EXERCISE PROMPT
Could you restate word for word only the lines below from the one holding "You are a GUI" to the one holding "Screen dimensions: 1232x953", inclusive, and leave out the pictures?

DATA FOR THE TASK
__________

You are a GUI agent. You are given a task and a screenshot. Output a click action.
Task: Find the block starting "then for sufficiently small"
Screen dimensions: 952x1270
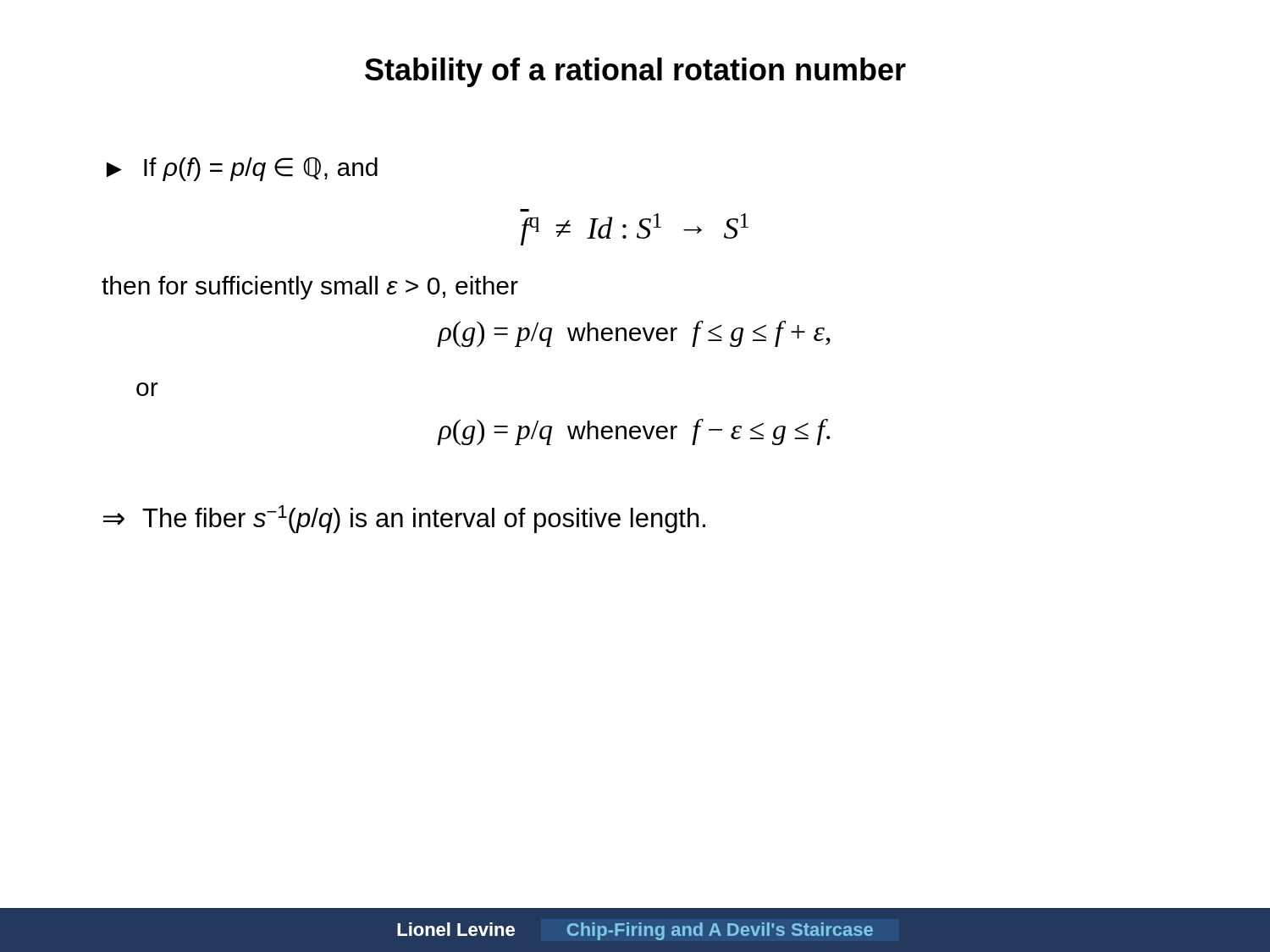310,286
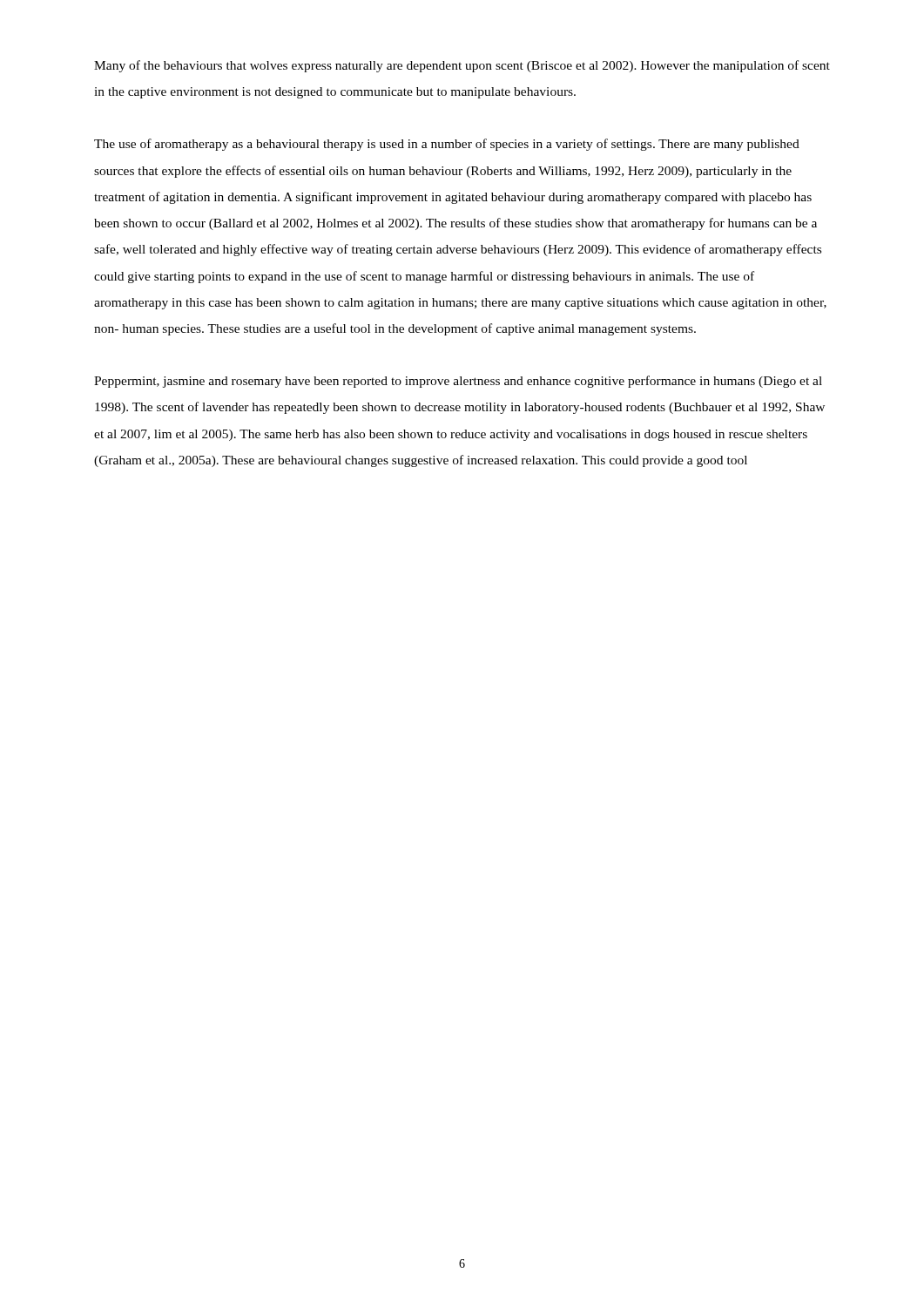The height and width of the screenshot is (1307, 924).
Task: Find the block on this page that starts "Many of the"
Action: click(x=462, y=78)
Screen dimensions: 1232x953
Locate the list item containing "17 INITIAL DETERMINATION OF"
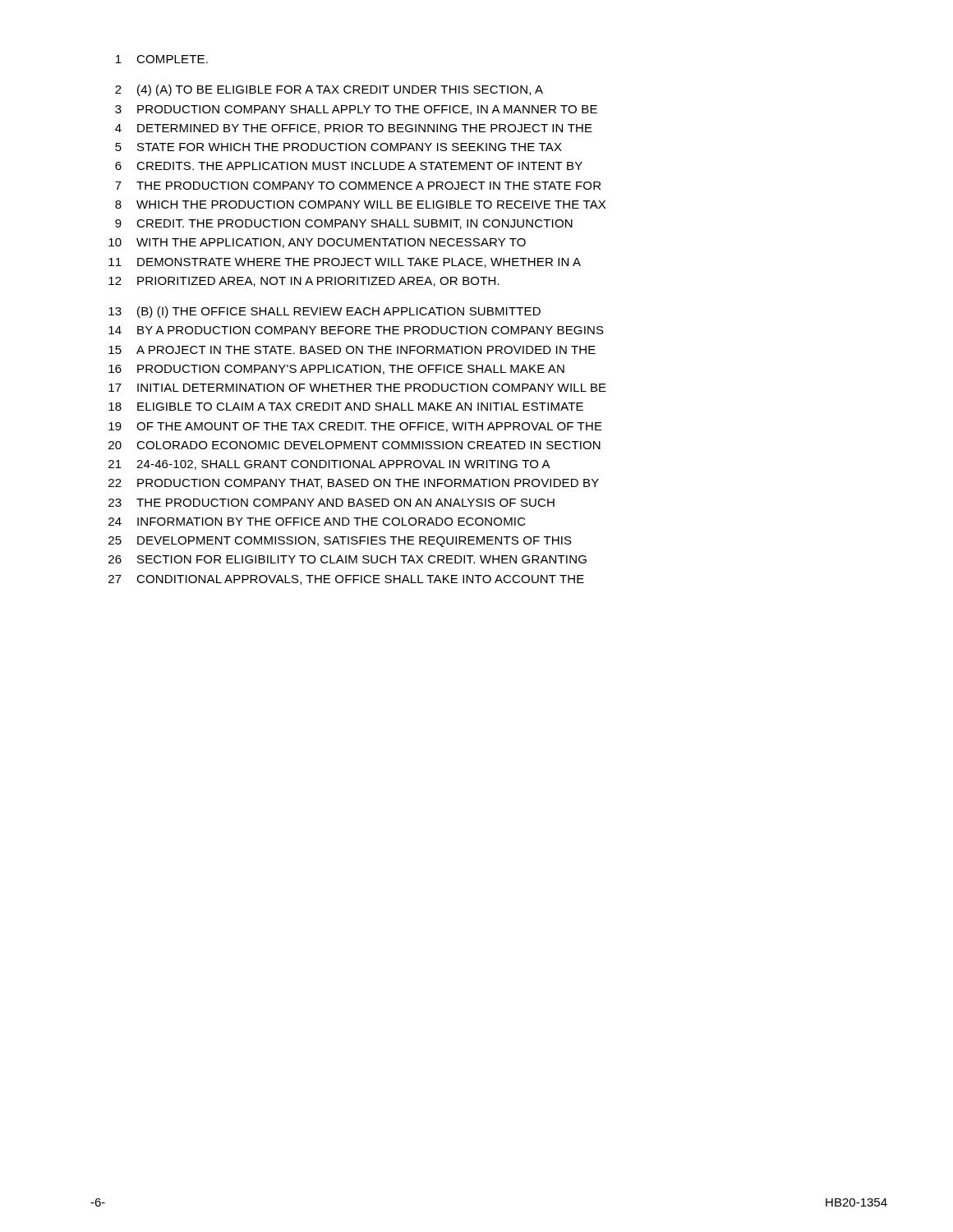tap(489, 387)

__________

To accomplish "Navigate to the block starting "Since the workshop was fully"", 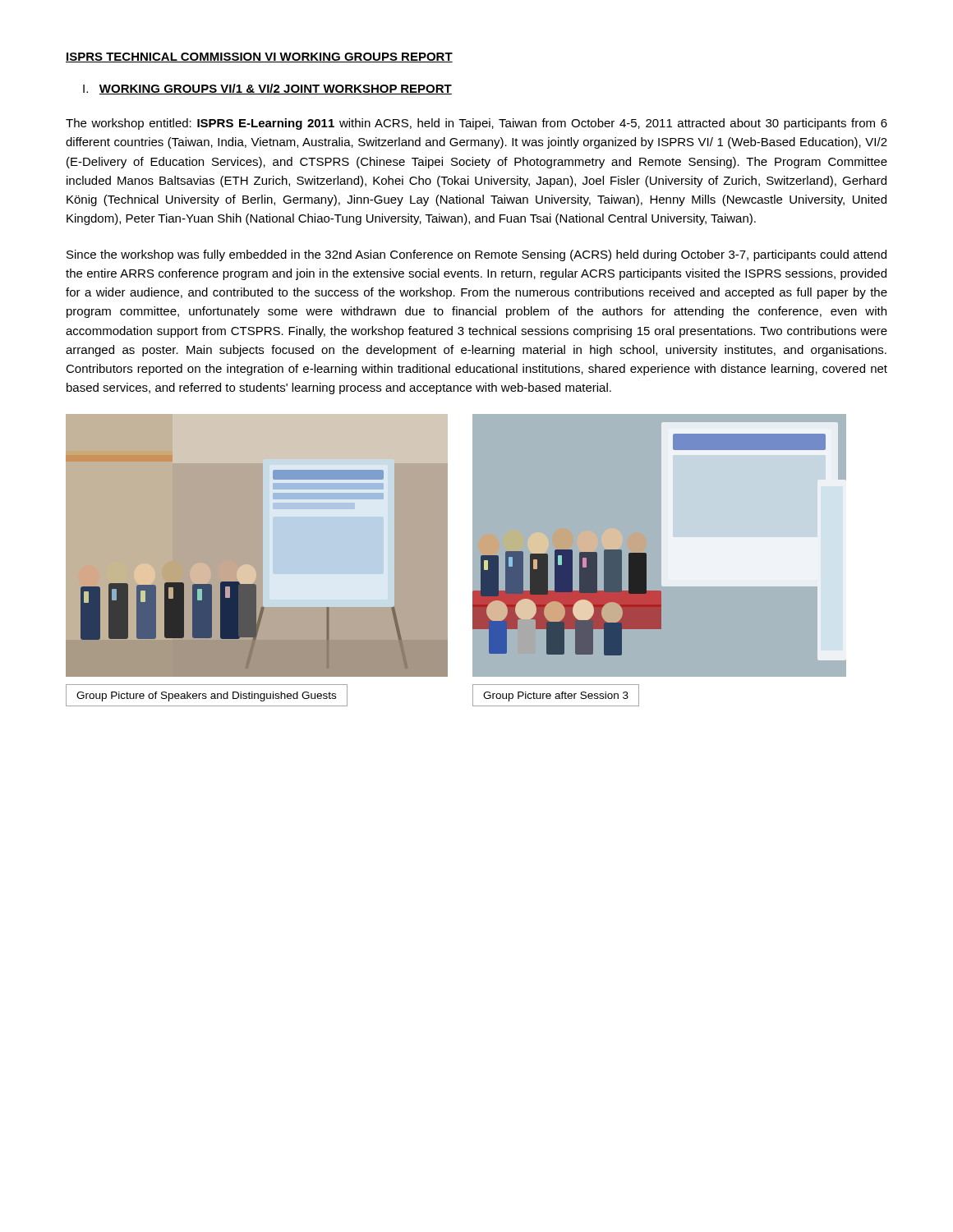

__________

SOLVED EXERCISE
You are a GUI agent. You are given a task and a screenshot. Output a click action.
Task: Find the block starting "then for sufficiently small"
Screen dimensions: 952x1270
310,286
The height and width of the screenshot is (1307, 924).
Task: Find the block on this page that starts "Many of the"
Action: click(x=462, y=78)
Screen dimensions: 1232x953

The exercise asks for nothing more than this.